Miss Metcalf would have been required to attend an area church while at school, accompanied by teachers as chaperones. She would have had the opportunity to join sororities, Beta Sigma Omicron or Eta Upsilon Gamma, as well as attend the public lectures hosted by William Jewell College. For students living in the college dorms, a dress code was strictly enforced, consisting of black or white shirts, full skirts, and college robes; “expensive dressing and the use of expensive jewelry” was frowned upon by the administration (Course Catelogue).

The school was sold in 1895 to Charles M. Williams and his wife, who changed the name to Liberty Ladies College and operated the institution until 1910. The school changed hands just one more time in 1912, when it was leased by H.H. Savage until it burned on February 23, 1913.

No competing ladies’ colleges existed in the Liberty area at the turn of the century, and students left without an academic home because of the fire found it difficult to complete their educations. William Jewell College agreed to allow the women whose goals were to become teachers the opportunity to take classes in a limited setting during World War I. Alumni, trustees, and many of the students were against this decision, but Jewell was financially unstable: the United States had entered World War I in 1917, and many Jewell students enlisted for the fight. Attendance was low at Jewell, and tuition money was desperately needed. Still, when students were polled regarding admitting women students, 127 to 59 opposed the idea.

To compromise, the ladies who first enrolled in 1918 were not technically Jewell students, but rather students of their own school who happened to borrow Jewell facilities and professors. These women were not, for instance, allowed on the Hill, but instead took classes from Jewell professors in the living room of Mrs. Swinney, who lived near the College (Bowman). The president of William Jewell taught Ethics, and several other professors would leave their classrooms to teach physics, math, and the liberal arts to the female students.

 This soon became impractical, and the ladies were allowed to attend their History and French classes as co-eds. The male students of Jewell quickly warmed-up to their female counterparts, and the all-male faculty was equally impressed with the women’s performance. Women began to enjoy extracurricular life on the Hill as well, forming their own chorus and joining the newspaper. In 1920, the first female—a Mathematics major—graduated from Jewell and went on to have a successful teaching and homemaking career (Bowman). Though not without some hesitancy, the men of William Jewell began to push the trustees to open the doors of Jewell fully to women. In 1921 females were openly admitted to William Jewell College, with the provision that they were “of sound morals and direction.” Though it took nearly a century, women seeking a higher education in the Midwest seem to have found a permanent home at William Jewell College.

Works Cited or Consulted 

Bowman, Georgia. The Distaff Side: Women At William Jewell. 1st ed. 1988. 1-25.

"Liberty Female College." Advertisement. Liberty Tribune 19 Jan. 1855: 40-tf.  http://libertyfemalecollege.info/images/1855newspaperAd.jpg 

Liberty Bell LLC. "Historic Liberty Female College Timeline." Historic Liberty Female College.
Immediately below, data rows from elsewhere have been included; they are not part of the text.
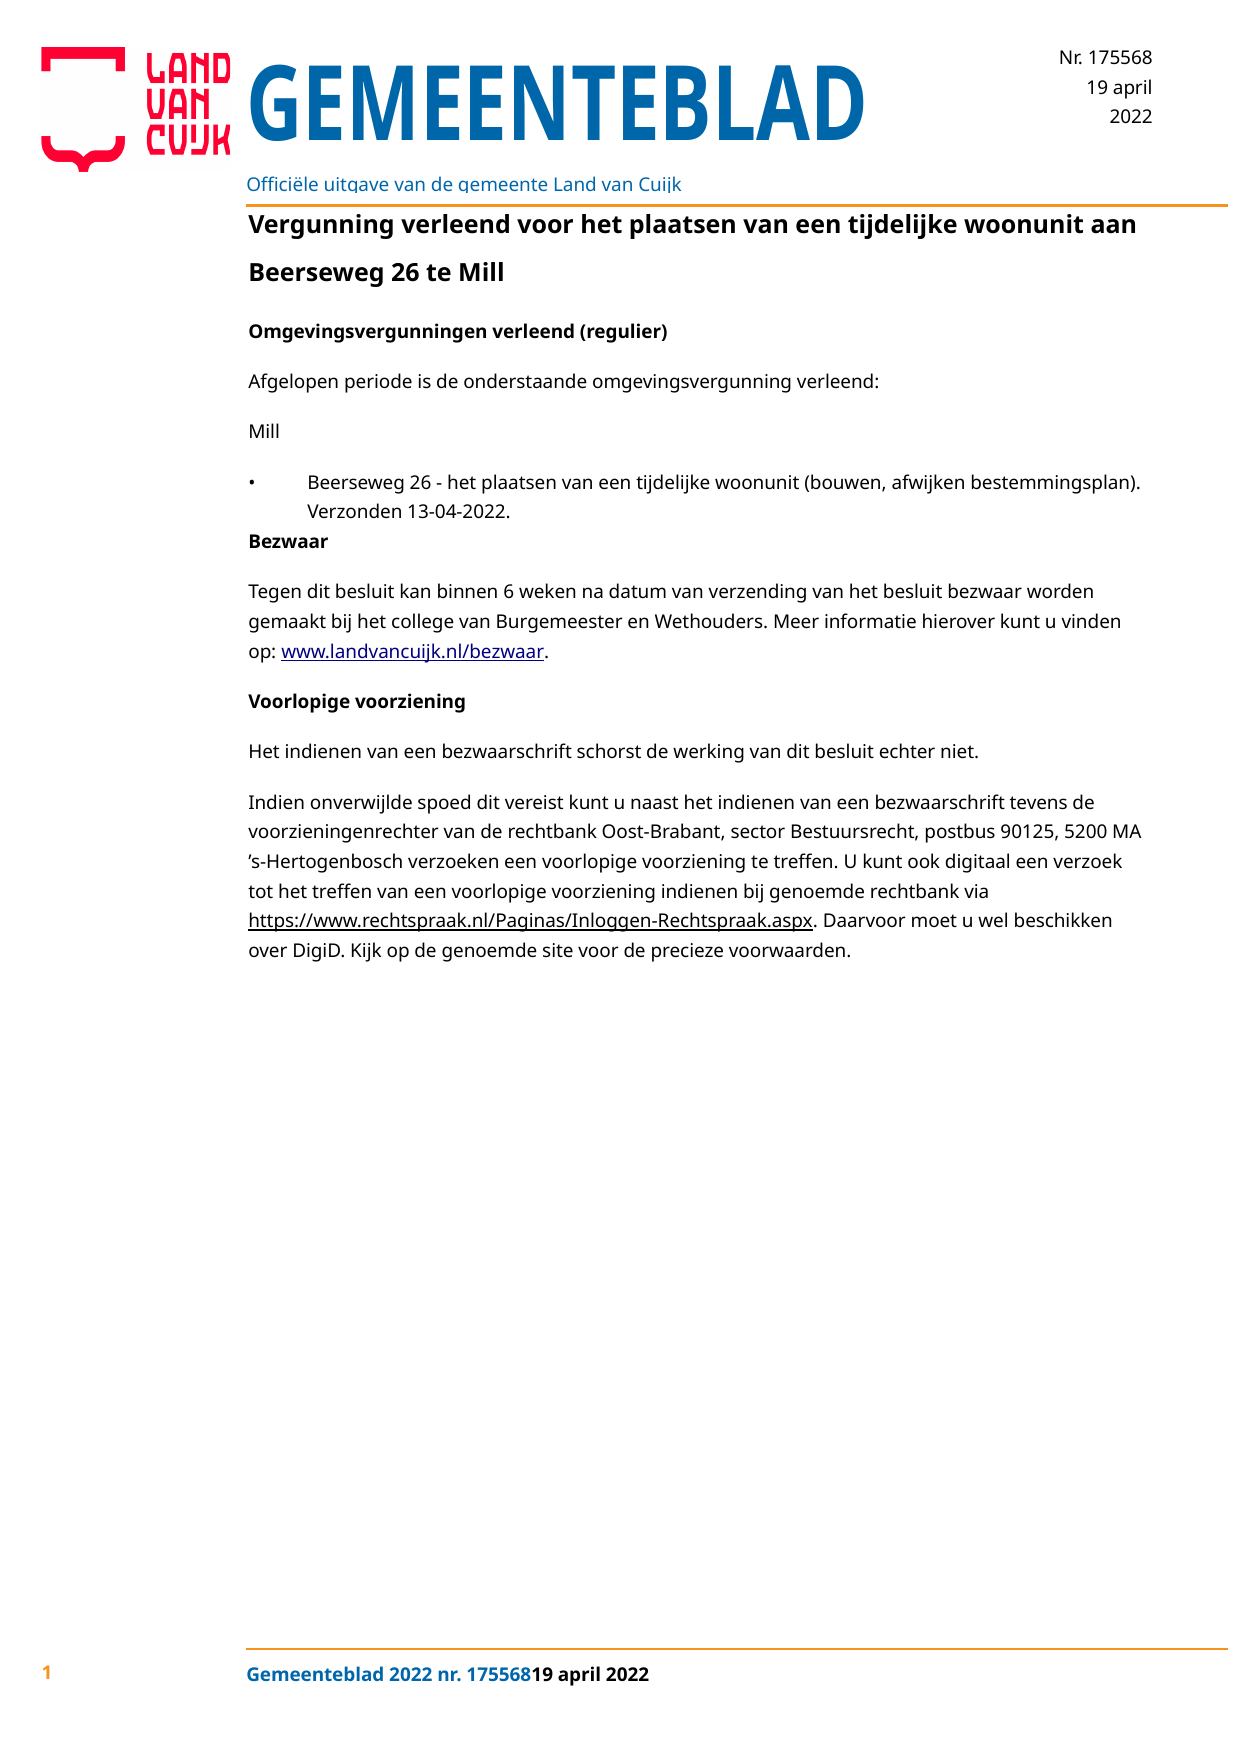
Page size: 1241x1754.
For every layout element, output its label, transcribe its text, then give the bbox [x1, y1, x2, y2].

text Het indienen van een bezwaarschrift schorst de werking van dit besluit echter niet. [248, 739, 1152, 764]
list Beerseweg 26 - het plaatsen van een tijdelijke woonunit (bouwen, afwijken bestemmingsplan). Verzonden 13-04-2022. [248, 469, 1152, 524]
text Mill [248, 419, 1152, 444]
text Afgelopen periode is de onderstaande omgevingsvergunning verleend: [248, 368, 1152, 394]
text Omgevingsvergunningen verleend (regulier) [248, 318, 1152, 344]
text Voorlopige voorziening [248, 688, 1152, 714]
text Tegen dit besluit kan binnen 6 weken na datum van verzending van het besluit bezwaar worden gemaakt bij het college van Burgemeester en Wethouders. Meer informatie hierover kunt u vinden op: www.landvancuijk.nl/bezwaar. [248, 579, 1152, 664]
text Vergunning verleend voor het plaatsen van een tijdelijke woonunit aan Beerseweg 26 te Mill [248, 207, 1152, 288]
picture [41, 47, 231, 172]
text Indien onverwijlde spoed dit vereist kunt u naast het indienen van een bezwaarschrift tevens de voorzieningenrechter van de rechtbank Oost-Brabant, sector Bestuursrecht, postbus 90125, 5200 MA ’s-Hertogenbosch verzoeken een voorlopige voorziening te treffen. U kunt ook digitaal een verzoek tot het treffen van een voorlopige voorziening indienen bij genoemde rechtbank via https://www.rechtspraak.nl/Paginas/Inloggen-Rechtspraak.aspx. Daarvoor moet u wel beschikken over DigiD. Kijk op de genoemde site voor de precieze voorwaarden. [248, 789, 1152, 963]
text Bezwaar [248, 528, 1152, 554]

2005. Jewell Historic District. 4 Mar. 2008 <http://libertyfemalecollege.info/>.

Liberty Ladies’ College Register and Grade Book. Liberty: Liberty Ladies’ College, Year Unknown. 

Liberty Ladies' College Course Catalogue. Liberty: Liberty Ladies' College, 1900. 

Liberty Ladies' College Course Catalogue. Liberty: Liberty Ladies' College, 1908. 

Liberty Ladies' College Course Catalogue. Liberty: Liberty Ladies' College, 1910.